Storyboards by Matt Ottewill

Storyboards are frame by frame 'illustrations' of the 'key frame' moments in a proposed timeline based media production. This definition may sound vague, but that is because their application and use is widespread in many disciplines.

What are they used for?

Here are some of the uses and users of storyboards ..

Discipline Who uses them? What for?
Animation Producer / director / writer / lead animator To convey a vision to financiers or the creative team.
Video/ TV drama Director To communicate a creative vision to cameramen and creative staff.
Feature film Director / cinematographer To communicate a creative vision to cameramen and creative staff.
Music video Director To support a treatment when pitching for a job.

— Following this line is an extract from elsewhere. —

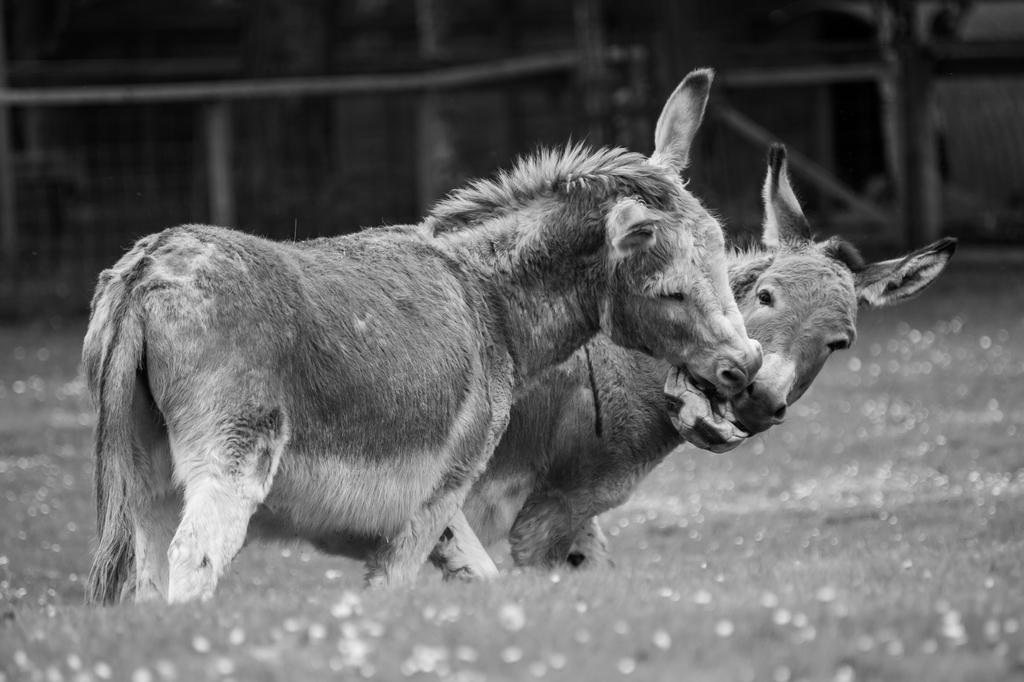What animals are present in the image? There are two donkeys in the image. What activity are the donkeys engaged in? The donkeys are playing with a ball. What can be seen in the background of the image? There is fencing in the background of the image. What type of blade is being used by the donkeys in the image? There is no blade present in the image; the donkeys are playing with a ball. What rule is being enforced by the donkeys in the image? There is no rule being enforced by the donkeys in the image; they are simply playing with a ball.

To allow budgets to be precisely set, and help avoid costly mistakes.
Commercials Advertising agency To communicate the idea to the director and production team
Games Games designers To plan game-play and cut scenes
Web sites Designers To help team members visual designs, interaction, and navigation
Apps Designers To help team members visual designs, interaction, and navigation
Business Managers Presentations of business and project plans

 

What form do they take?

In general story boards will show the key frames from a planned sequence. Sufficient frames (eg anything from between 4 fps to a frame every few seconds) will be drawn to capture the action and show the camera angle and shot framing. They often include arrows to show the direction of the action such as the movement of a vehicle.

Hand drawn illustration

Originally storyboards were created by skilled storyboard artists who were skilled in graphic illustration, and this is still the favoured method when budgets allowed. It is particularly relevant to animation where storyboards are often the developed into finished frames.

Photo montage, or photomatic

Many directors like to assemble storyboards from photos taken at a planned location perhaps with stand-ins.

Computer generated

Computers offer a fast way to create a storyboard visualisation of a scene by utilising wire frame or modelled characters, locations and props.